The script editor is a great place to put code you care about. Keep experimenting in the console, but once you have written code that works and does what you want, put it in the script editor. RStudio will automatically save the contents of the editor when you quit RStudio, and will automatically load it when you re-open. Nevertheless,  save your scripts regularly to back them up.
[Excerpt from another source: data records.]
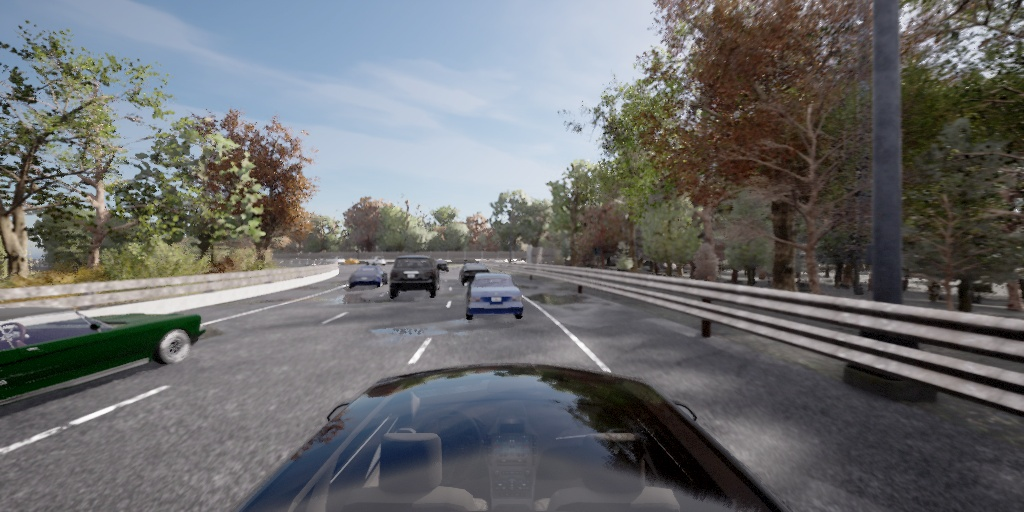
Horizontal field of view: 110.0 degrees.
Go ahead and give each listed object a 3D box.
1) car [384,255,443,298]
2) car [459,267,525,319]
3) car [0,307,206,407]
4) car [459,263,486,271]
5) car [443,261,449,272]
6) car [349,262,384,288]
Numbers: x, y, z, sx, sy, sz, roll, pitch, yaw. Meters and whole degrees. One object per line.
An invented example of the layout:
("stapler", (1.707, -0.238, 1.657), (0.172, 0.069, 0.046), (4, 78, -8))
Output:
("car", (-4.966, 0.994, 18.844), (2.150, 2.045, 5.566), (0, 0, -9))
("car", (-0.723, 1.304, 12.863), (2.033, 1.411, 5.357), (0, 0, -6))
("car", (-7.089, 1.376, 5.103), (1.895, 1.301, 4.718), (0, 0, -2))
("car", (-2.762, 1.245, 25.932), (1.882, 1.535, 5.008), (0, 0, -12))
("car", (-9.421, 1.302, 45.869), (1.837, 1.490, 4.892), (0, 0, -23))
("car", (-9.547, 1.354, 24.129), (1.994, 1.385, 4.181), (0, 0, -12))
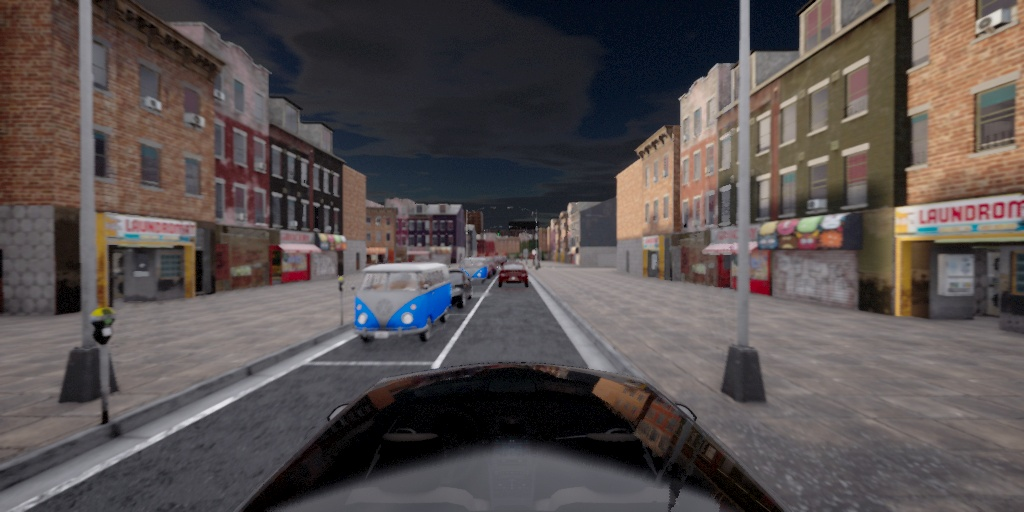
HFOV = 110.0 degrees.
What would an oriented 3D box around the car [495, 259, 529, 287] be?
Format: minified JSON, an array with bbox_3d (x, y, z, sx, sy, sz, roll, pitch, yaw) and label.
[{"bbox_3d":[0.094,1.150,23.858,1.882,1.535,5.008,0,0,0],"label":"car"}]

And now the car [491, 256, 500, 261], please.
[{"bbox_3d":[-2.637,0.948,36.528,2.192,1.841,5.009,0,0,0],"label":"car"}]

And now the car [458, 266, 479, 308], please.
[{"bbox_3d":[-2.637,1.269,14.793,1.948,1.339,4.313,0,0,0],"label":"car"}]

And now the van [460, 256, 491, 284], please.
[{"bbox_3d":[-2.637,1.007,25.660,1.690,1.789,3.998,0,0,0],"label":"van"}]

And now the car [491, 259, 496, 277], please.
[{"bbox_3d":[-2.637,1.194,31.094,1.888,1.381,4.507,0,0,0],"label":"car"}]

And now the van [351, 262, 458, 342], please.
[{"bbox_3d":[-2.637,1.063,9.359,1.690,1.789,3.998,0,0,0],"label":"van"}]
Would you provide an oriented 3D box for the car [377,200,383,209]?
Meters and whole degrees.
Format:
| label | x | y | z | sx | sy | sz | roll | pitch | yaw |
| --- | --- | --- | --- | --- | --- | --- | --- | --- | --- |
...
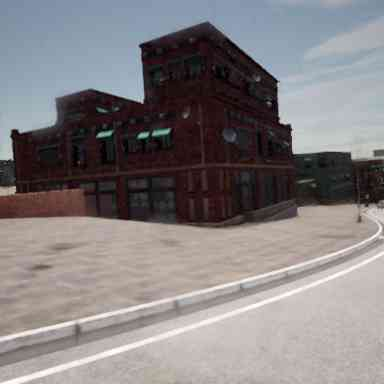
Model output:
| label | x | y | z | sx | sy | sz | roll | pitch | yaw |
| --- | --- | --- | --- | --- | --- | --- | --- | --- | --- |
| car | 36.289 | 2.273 | 62.953 | 2.097 | 1.767 | 4.553 | -3 | -2 | 32 |
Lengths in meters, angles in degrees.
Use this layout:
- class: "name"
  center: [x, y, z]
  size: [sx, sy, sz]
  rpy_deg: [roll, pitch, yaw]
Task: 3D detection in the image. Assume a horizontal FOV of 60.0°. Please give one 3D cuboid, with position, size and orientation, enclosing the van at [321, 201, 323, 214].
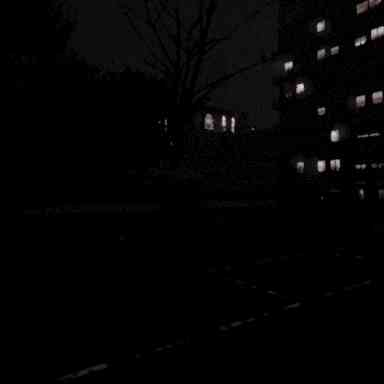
- class: "van"
  center: [10.867, 1.559, 32.855]
  size: [1.690, 1.788, 3.998]
  rpy_deg: [-2, 0, -36]
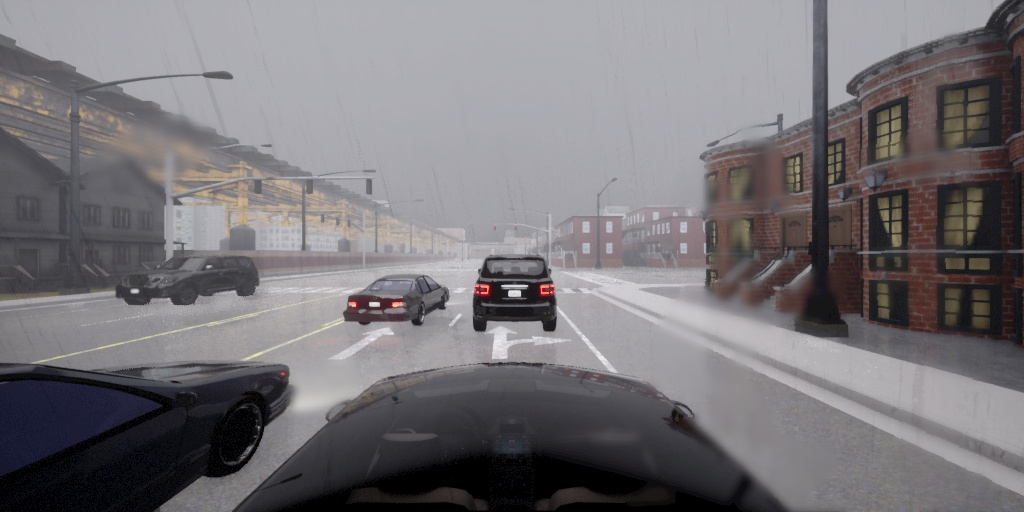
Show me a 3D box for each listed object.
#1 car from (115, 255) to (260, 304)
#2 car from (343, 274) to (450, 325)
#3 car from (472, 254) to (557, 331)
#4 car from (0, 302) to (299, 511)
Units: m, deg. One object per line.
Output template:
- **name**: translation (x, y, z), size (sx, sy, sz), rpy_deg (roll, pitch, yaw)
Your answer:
- **car**: translation (-14.026, 0.977, 16.112), size (2.150, 2.045, 5.566), rpy_deg (0, 0, 0)
- **car**: translation (-3.443, 1.297, 11.757), size (2.033, 1.411, 5.357), rpy_deg (0, 0, 2)
- **car**: translation (0.082, 0.971, 11.076), size (2.150, 2.045, 5.566), rpy_deg (0, 0, 0)
- **car**: translation (-3.388, 1.297, 1.685), size (2.033, 1.411, 5.357), rpy_deg (0, 0, -1)

The script editor will also highlight syntax errors with a red squiggly line and a cross in the sidebar. Hover over the cross to see what the problem is.
RStudio will also let you know about potential problems. Read
https://support.rstudio.com/hc/en-us/articles/205753617-Code-Diagnostics to find out common mistakes in RStudio diagnostics report.

## Your turn
* Create a script in RStudio and do the following step by step

1. calculate $\frac{\pi^2}{6}$ and save it in `x`

2. culculate $\frac{1}{1}+\frac{1}{2^2}+\cdots+\frac{1}{10^2}$

3. take the difference between the two numbers obtained from the last two steps, save it in `d1`

4. replace $10$ with $20$ in step 2 and do step 3 again, save the difference in `d2`

5. replace $20$ with larger numbers, do the same calculation and save them in `d3`, `d4`,`d5`...

6. combine `d1`,`d2`,`d3`.. in a vector `d`, did you find anything interesting in `d`?



## Errors, warnings, and messages

R reports errors, warnings, and messages in a glaring red font, which makes it seem like it is scolding you. R will show red text in the console pane in three different situations:

* **Errors**: When the red text is a legitimate error, it will be prefaced with “Error in…” and will try to explain what went wrong. Generally when there’s an error, the code will not run.

* **Warnings**: When the red text is a warning, it will be prefaced with “Warning:” and R will try to explain why there’s a warning. Generally your code will still work, but with some caveats

* **Messages**: When the red text doesn’t start with either “Error” or “Warning”, it’s just a friendly message.


***
* If the text starts with “Error”, figure out what’s causing it

* If the text starts with “Warning”, figure out if it’s something to worry about.

* Otherwise, the text is just a message. Read it, and thank it for talking to you.